The MSRs, or “military-style weapons” as the antigun legislators purposefully mislabel them, are among the most commonly owned firearms in the United States and are widely used for lawful purposes, including target shooting, hunting and personal protection. They are semiautomatic firearms — one round fired per trigger pull — not automatic firearms, which have been tightly regulated under federal law for decades. Precision in terminology is not optional in this debate.
Inevitable Outcomes
Lawmakers advancing possession bans can’t avoid the next question: what happens to the firearms already in circulation?
There are only a few possible answers — mandatory surrender, forced transfer, registration schemes or criminal penalties for noncompliance. Each option would require lawful owners to surrender, under threat of criminal penalty, property they legally acquired.
That’s not speculation. It’s the unavoidable mechanics of the possession ban funnel, and it places the burden squarely on those who followed the law — not those who ignore it.
At the same time, these policies have a ripple effect across the firearm industry. Manufacturers, distributors and firearm retailers — already operating under one of the most heavily regulated frameworks in the country — are left navigating shifting compliance obligations and states that are increasingly hostile not just to the sale of firearms, but now to mere possession.
This progression is not theoretical. Just look north to Canada.

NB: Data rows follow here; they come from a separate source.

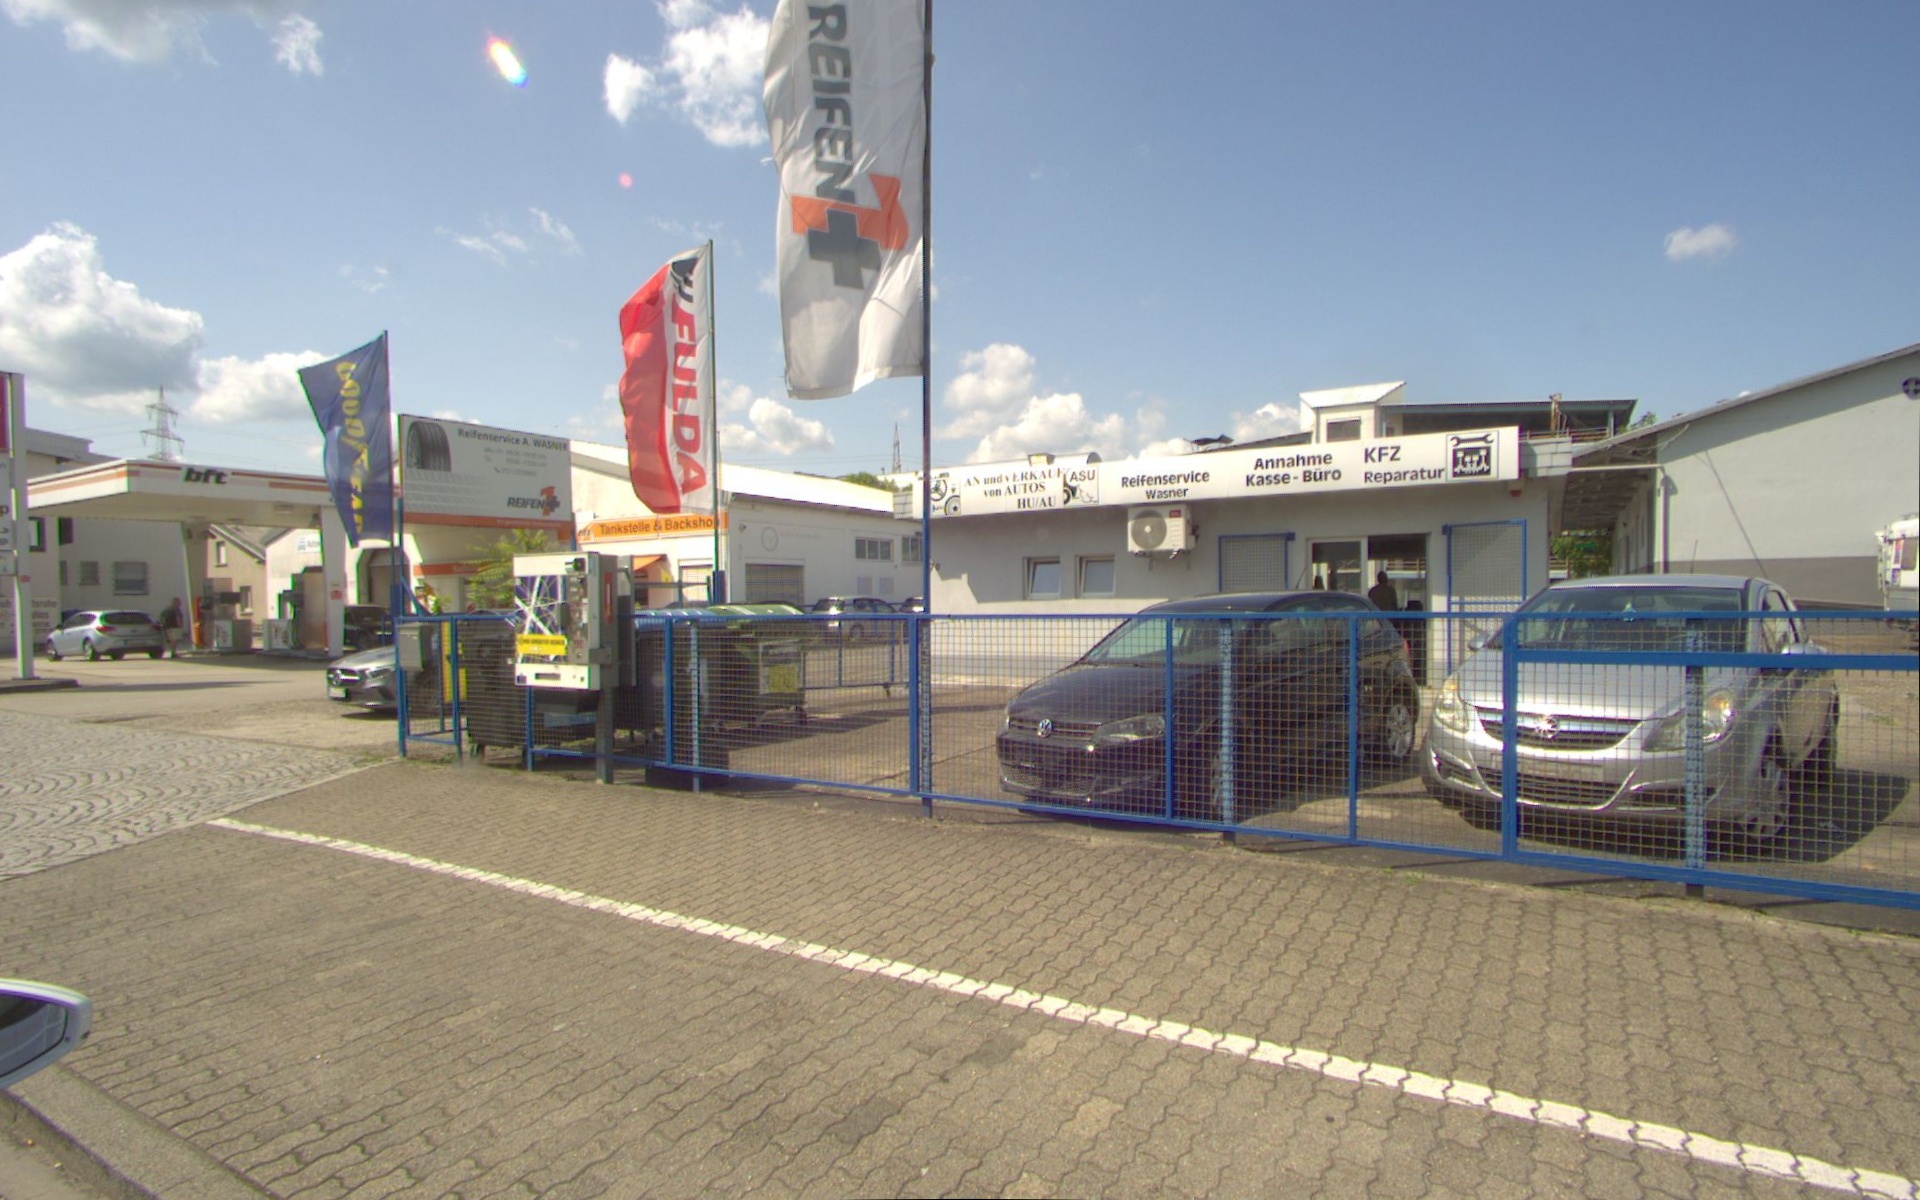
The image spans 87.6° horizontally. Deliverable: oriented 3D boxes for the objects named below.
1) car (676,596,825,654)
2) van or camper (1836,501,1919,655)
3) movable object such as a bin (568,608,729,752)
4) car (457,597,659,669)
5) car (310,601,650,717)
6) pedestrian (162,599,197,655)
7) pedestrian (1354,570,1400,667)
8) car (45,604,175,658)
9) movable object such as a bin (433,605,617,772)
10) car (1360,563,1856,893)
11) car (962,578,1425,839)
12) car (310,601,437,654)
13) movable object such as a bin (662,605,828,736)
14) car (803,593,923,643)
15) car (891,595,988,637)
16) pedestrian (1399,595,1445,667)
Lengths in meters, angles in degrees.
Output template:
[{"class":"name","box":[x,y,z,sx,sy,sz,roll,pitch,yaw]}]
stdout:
[{"class":"car","box":[-5.717,0.644,27.815,1.564,1.482,4.187,0,0,33]},{"class":"van or camper","box":[21.016,-0.452,19.524,5.571,3.005,2.264,0,1,31]},{"class":"movable object such as a bin","box":[-3.326,0.803,10.733,1.225,1.415,1.106,0,1,31]},{"class":"car","box":[-9.164,0.690,23.159,1.564,1.482,4.187,0,0,33]},{"class":"car","box":[-6.909,0.753,14.832,1.653,1.434,4.256,0,0,37]},{"class":"pedestrian","box":[-23.775,0.804,30.512,0.698,1.679,0.546,-1,1,-22]},{"class":"pedestrian","box":[7.353,0.320,17.641,0.654,1.671,0.563,0,1,34]},{"class":"car","box":[-25.735,0.904,30.302,3.776,1.523,1.803,-1,0,30]},{"class":"movable object such as a bin","box":[-4.159,0.787,9.603,1.225,1.455,1.106,0,1,31]},{"class":"car","box":[4.273,0.561,6.376,3.729,1.472,1.757,-1,0,-42]},{"class":"car","box":[1.897,0.602,7.480,3.655,1.472,1.625,-1,0,-43]},{"class":"car","box":[-18.191,0.821,31.048,3.777,1.523,1.803,-1,0,31]},{"class":"movable object such as a bin","box":[-2.532,0.784,11.898,1.318,1.414,1.400,0,1,31]},{"class":"car","box":[-3.028,0.530,32.023,1.564,1.482,4.187,0,0,33]},{"class":"car","box":[-0.670,0.537,35.682,1.564,1.385,3.860,0,0,33]},{"class":"pedestrian","box":[8.047,0.534,17.434,0.654,1.225,0.563,0,1,34]}]

What began as a prohibition on certain firearms has moved into the next phase of requiring owners to surrender their property as a government-run confiscation effort. The process has already been marked by delays, uncertainty and mounting budgetary and logistical challenges — not to mention aggressive pushback from law-abiding Canadian citizens. Now in Canada, the government is sending the police to the doors of law-abiding citizens to confiscate and arrest them.
That is the reality policymakers inherit when they move beyond regulating sales and into banning possession. The policy does not end with a prohibition. It begins a process of forced surrender. We have seen this movie before in Australia.
Never ‘Just a Ban’
The most misleading aspect of this debate in Rhode Island is how it is described to the public. Calling these proposals “just a ban on future sales” is inaccurate. Rhode Island’s legislation demonstrates why. When possession is prohibited, the policy is no longer prospective — it is retroactive.

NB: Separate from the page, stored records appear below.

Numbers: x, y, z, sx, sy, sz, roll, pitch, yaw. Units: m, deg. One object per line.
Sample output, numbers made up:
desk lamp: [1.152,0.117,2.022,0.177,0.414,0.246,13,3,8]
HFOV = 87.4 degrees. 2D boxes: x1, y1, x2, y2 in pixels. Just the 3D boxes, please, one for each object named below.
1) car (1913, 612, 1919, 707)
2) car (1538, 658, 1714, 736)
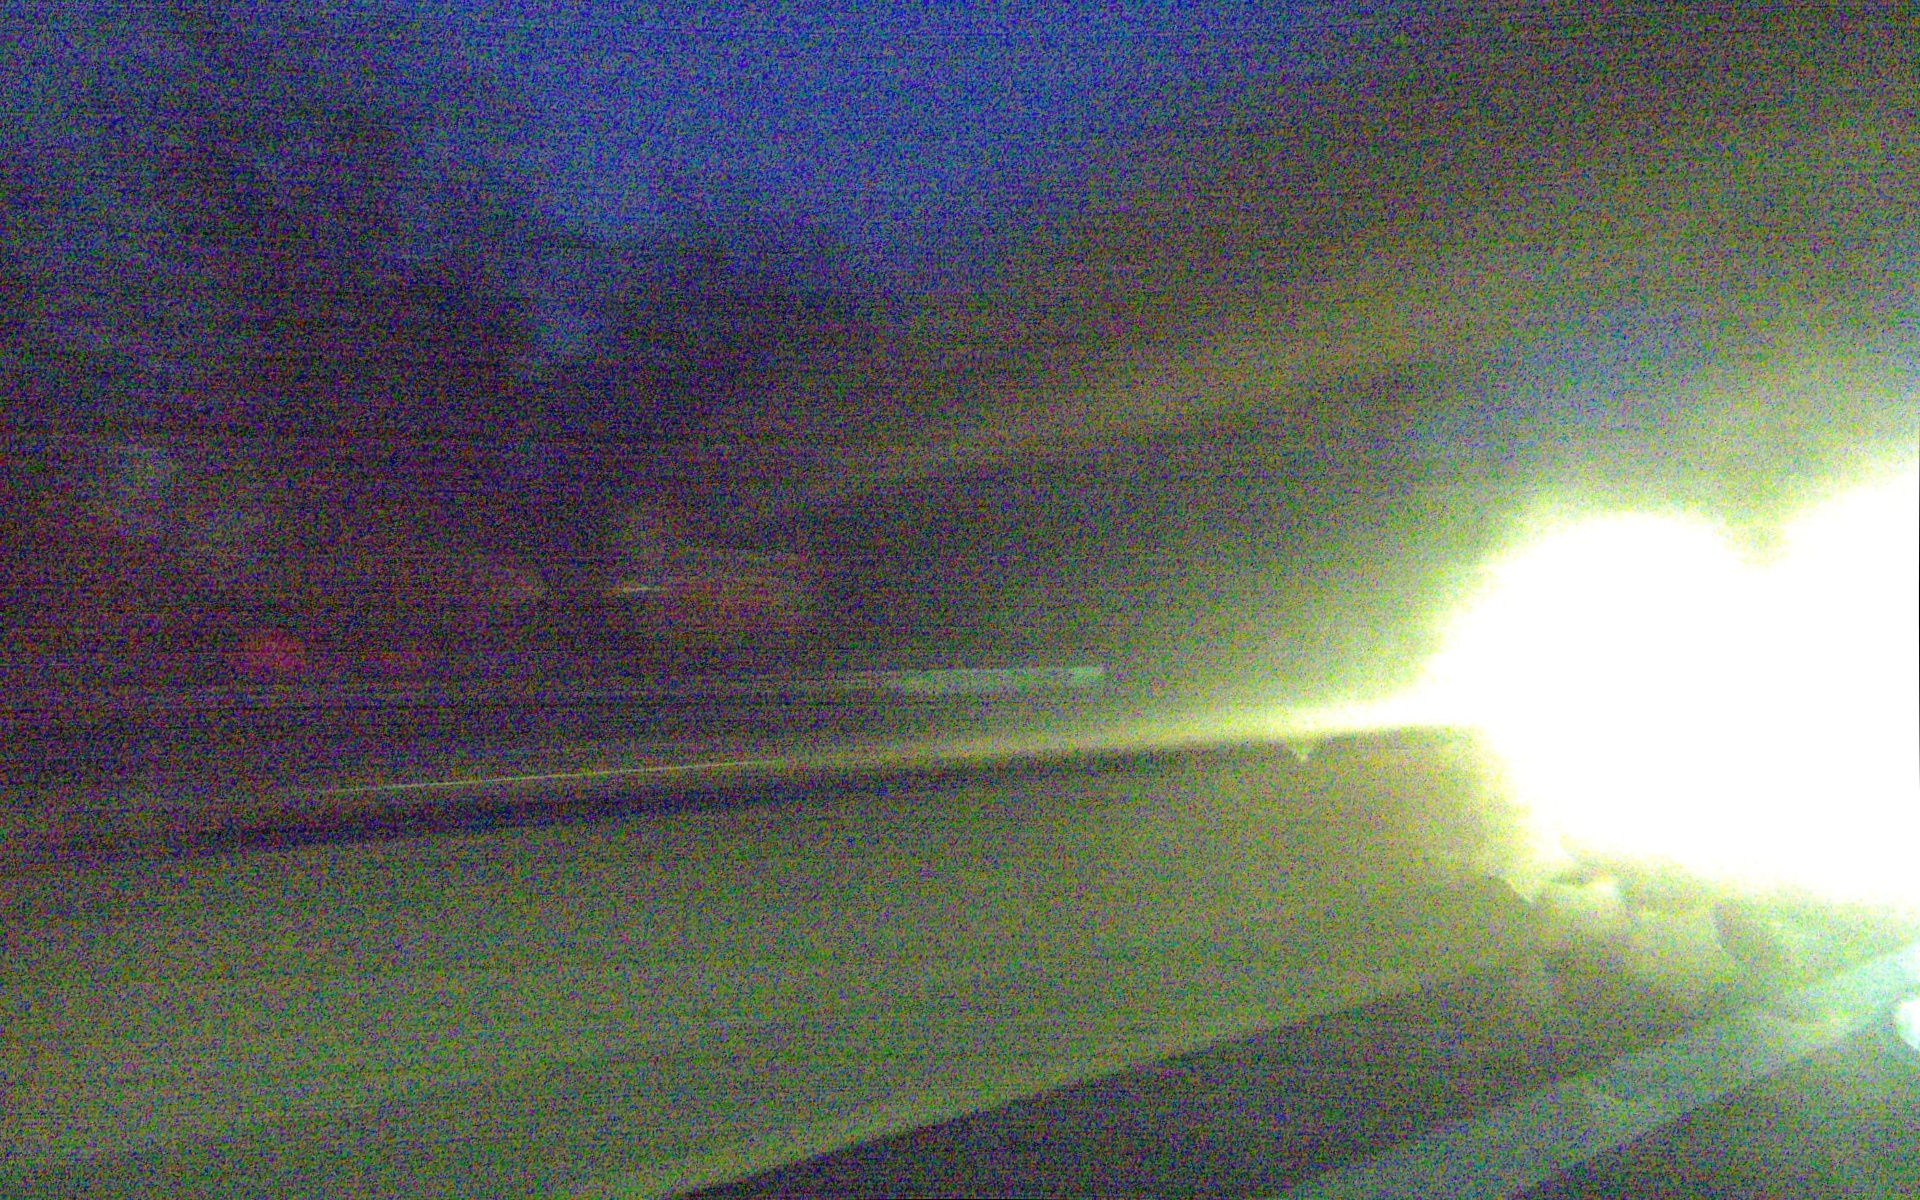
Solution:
car: [22.902,1.338,22.078,4.332,2.040,1.775,2,0,-32]
car: [15.670,2.193,23.577,4.332,1.546,1.775,2,0,-32]

That has direct implications for constitutional analysis. The Second Amendment protects the right to keep and bear arms, and the courts have consistently examined whether firearms in common use for lawful purposes fall within that protection. The U.S. Supreme Court said in the 2008 Heller decision that the government couldn’t ban an entire class of firearms. Supreme Court justices have complained that the Court hasn’t addressed challenges to state bans on MSRs and standard capacity magazines. Justice Brett Kavanaugh admitted that the Court should do so — and soon.
It also has real-world consequences for millions of Americans who own these firearms legally and responsibly. If allowed to take root in one state, this constricting infringement on Second Amendment rights could spread and infect other states.
Rhode Island lawmakers have moved the debate past its talking points and into reality. If possession is banned, what happens next is no longer theoretical. It means lawful owners must surrender their property, remove it from the state or become criminals overnight.
That is the policy choice in front of them, and it deserves to be debated honestly — not softened with language that suggests it stops at the point of sale.
The evidence is clear that forcible disarmament is the ultimate goal of gun control.
Larry Keane is SVP for Government and Public Affairs, Assistant Secretary and General Counsel of the National Shooting Sports Foundation.